Longest Non-decreasing Subarray From Two Arrays interview FAQ
Is this really a medium, or is the difficulty inflated?+
The 30% acceptance rate suggests it's harder than typical medium. It requires clean DP state reasoning and careful handling of transitions between arrays. Most people get partial credit or TLE. It's medium in theory, hard in execution.
Do I need to pick elements in order from each array, or can I jump around?+
You pick in order. At each step, you move one pointer in one of the two arrays. The constraint is that each value you pick must be greater than or equal to the previous value.
What's the common mistake on this problem?+
Treating it as a single-array LIS variant and forgetting that you can switch arrays to escape a dead end.

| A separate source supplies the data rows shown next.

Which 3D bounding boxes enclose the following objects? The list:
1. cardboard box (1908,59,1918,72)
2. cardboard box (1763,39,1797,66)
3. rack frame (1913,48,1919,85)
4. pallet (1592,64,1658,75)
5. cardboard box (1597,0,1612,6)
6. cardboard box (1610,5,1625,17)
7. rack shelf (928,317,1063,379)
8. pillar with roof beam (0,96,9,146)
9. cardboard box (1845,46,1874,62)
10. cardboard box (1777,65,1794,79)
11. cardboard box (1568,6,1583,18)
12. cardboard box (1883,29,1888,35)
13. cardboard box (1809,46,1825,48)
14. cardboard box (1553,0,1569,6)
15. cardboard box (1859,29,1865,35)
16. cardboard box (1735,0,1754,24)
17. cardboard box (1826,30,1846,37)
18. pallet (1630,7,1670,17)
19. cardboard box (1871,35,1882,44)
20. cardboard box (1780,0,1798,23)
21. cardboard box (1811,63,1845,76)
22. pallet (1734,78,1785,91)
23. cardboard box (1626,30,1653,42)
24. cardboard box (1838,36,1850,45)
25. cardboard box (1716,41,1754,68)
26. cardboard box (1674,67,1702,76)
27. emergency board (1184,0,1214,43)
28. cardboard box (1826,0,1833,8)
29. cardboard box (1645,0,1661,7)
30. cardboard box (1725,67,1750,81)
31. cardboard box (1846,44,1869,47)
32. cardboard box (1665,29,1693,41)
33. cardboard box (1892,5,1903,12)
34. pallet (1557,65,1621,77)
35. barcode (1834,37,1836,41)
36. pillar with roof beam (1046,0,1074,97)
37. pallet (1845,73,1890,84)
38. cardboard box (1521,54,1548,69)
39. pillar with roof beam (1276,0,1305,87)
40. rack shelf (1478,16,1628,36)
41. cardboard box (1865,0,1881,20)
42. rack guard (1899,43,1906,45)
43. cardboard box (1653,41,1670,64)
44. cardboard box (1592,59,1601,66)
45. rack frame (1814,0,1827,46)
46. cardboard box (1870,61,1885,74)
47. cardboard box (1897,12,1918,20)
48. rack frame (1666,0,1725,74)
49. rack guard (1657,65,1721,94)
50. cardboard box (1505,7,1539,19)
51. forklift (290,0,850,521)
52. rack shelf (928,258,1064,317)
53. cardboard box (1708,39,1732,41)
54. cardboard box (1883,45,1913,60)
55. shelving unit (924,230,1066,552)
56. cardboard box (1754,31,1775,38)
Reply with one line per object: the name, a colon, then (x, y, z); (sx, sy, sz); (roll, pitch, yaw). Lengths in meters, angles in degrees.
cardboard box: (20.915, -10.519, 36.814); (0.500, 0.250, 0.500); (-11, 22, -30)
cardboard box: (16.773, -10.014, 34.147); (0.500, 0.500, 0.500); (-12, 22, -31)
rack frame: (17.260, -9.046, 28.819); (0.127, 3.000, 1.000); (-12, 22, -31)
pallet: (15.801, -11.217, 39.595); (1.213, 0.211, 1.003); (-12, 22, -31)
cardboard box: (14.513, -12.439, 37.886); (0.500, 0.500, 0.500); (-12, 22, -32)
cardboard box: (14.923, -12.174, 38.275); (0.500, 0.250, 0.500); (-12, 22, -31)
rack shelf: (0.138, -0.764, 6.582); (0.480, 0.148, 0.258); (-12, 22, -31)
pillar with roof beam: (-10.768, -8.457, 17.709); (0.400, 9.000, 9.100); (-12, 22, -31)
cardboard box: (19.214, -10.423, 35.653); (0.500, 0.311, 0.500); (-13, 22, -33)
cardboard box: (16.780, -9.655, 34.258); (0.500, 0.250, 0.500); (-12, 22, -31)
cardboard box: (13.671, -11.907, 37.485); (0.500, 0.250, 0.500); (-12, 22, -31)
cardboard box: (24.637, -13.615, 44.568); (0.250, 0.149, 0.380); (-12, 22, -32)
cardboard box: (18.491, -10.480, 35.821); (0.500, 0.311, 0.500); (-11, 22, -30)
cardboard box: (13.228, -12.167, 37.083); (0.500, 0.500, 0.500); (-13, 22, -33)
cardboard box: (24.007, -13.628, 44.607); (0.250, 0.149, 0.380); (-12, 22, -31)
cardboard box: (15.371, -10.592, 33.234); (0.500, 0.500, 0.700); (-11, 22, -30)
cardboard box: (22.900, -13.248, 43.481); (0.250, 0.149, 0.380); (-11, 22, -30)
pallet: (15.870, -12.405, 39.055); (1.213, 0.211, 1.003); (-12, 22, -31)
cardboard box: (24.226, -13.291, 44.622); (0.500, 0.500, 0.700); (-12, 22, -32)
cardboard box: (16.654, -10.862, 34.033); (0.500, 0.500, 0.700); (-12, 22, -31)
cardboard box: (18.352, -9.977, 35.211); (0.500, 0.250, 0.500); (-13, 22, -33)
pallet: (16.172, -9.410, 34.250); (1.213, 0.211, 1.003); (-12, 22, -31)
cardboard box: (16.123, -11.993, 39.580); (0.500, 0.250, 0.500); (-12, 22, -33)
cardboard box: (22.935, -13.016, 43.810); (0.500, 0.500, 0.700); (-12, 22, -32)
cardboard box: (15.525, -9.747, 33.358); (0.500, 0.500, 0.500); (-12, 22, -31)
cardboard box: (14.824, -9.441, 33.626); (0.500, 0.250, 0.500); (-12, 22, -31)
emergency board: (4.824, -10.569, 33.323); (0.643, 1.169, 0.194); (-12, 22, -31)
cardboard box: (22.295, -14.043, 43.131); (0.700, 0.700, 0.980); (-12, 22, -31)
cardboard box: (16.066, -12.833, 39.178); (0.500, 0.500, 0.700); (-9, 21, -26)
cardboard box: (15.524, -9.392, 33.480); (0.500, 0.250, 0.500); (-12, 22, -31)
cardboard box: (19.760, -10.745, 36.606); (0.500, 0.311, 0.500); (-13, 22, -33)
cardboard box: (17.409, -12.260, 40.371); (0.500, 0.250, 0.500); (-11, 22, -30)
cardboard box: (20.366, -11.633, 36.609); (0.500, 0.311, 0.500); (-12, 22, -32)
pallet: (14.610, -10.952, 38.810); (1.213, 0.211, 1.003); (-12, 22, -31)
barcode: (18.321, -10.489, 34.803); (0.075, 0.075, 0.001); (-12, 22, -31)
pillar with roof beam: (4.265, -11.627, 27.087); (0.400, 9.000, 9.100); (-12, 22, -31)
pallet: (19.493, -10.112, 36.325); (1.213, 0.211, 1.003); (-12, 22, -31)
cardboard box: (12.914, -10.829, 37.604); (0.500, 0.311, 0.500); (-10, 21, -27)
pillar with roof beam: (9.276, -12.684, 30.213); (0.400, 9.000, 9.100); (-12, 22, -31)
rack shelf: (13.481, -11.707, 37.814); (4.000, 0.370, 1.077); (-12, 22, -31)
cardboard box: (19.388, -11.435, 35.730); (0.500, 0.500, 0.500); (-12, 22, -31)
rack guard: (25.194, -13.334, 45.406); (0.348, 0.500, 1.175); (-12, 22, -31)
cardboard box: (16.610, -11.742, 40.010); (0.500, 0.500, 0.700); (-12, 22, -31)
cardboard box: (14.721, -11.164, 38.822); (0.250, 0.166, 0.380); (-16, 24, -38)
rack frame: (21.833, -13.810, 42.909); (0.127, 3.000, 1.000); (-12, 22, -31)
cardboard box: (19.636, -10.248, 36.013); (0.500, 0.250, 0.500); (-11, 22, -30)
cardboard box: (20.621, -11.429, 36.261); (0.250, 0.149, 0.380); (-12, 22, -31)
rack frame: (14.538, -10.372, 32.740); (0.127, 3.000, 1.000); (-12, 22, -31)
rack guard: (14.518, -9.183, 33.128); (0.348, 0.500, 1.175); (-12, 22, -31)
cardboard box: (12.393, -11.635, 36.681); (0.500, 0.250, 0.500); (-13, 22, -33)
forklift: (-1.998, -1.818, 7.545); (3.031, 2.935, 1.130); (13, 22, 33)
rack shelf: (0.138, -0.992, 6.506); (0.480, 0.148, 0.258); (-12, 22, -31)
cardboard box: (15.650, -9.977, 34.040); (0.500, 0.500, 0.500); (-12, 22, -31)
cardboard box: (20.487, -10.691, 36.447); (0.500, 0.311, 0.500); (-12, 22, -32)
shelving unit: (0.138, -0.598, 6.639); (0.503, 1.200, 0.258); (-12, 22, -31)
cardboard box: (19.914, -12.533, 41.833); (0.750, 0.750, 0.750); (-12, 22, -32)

Many also fail to track the actual last value picked (not just the last index), causing incorrect state comparisons.
How does this relate to other array/DP problems I've seen?+
It combines two-pointer traversal with DP state compression, similar to merge-like problems, but with a non-decreasing constraint. Distinct from standard LIS because you're choosing from two sequences in parallel, not one.
Will knowing this help with similar problems at these companies?+
Citadel and Meesho both ask multi-sequence DP problems. Mastering the state transition and pointer logic here preps you for other variants where you merge or pick from multiple sources under constraints.